Records from a data collection:

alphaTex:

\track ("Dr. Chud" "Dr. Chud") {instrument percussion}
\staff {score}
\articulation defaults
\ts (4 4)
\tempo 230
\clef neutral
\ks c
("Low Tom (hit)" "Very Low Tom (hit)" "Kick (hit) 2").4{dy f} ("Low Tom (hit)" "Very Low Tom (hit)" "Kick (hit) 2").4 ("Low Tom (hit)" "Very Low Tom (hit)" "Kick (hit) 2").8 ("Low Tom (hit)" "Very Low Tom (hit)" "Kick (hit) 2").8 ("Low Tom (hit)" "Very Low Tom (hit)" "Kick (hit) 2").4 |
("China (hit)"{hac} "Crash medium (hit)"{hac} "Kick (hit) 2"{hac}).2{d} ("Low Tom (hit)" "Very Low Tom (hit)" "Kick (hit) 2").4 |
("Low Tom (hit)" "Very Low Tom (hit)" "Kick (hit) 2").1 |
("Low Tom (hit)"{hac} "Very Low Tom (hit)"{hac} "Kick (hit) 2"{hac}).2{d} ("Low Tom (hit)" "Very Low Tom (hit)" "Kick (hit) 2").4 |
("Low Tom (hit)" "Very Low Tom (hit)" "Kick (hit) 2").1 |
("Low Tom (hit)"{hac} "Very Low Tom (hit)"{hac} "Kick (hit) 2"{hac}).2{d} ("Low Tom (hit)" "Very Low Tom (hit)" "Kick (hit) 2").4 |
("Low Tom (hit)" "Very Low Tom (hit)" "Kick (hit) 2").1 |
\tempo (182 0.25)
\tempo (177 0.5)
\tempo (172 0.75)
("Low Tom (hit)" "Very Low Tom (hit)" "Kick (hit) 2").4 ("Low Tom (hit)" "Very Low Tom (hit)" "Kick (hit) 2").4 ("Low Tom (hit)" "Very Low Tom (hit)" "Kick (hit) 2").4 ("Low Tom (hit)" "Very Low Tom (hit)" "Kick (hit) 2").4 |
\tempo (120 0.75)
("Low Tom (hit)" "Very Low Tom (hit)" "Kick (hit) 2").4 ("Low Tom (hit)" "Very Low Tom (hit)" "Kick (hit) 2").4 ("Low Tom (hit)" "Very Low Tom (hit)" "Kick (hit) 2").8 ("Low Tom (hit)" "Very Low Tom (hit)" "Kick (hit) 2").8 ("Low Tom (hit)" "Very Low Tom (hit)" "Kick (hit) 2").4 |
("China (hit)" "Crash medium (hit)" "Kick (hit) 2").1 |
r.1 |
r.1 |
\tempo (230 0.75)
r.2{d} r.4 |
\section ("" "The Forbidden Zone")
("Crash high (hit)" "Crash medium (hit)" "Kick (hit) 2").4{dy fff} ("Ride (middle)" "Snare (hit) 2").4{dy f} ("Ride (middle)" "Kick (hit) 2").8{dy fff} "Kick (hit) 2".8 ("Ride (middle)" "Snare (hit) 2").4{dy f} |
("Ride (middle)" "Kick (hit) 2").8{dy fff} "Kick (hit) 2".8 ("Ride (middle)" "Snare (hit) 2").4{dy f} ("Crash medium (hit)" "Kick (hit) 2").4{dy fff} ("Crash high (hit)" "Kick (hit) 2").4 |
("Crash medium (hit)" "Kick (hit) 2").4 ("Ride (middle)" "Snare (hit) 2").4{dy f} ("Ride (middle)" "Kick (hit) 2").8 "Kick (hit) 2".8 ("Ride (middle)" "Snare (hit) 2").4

### WHAT IS REQUIRED
Every line in the data that holds the string "tempo" should be copied.

### ANSWER
\tempo 230
\tempo (182 0.25)
\tempo (177 0.5)
\tempo (172 0.75)
\tempo (120 0.75)
\tempo (230 0.75)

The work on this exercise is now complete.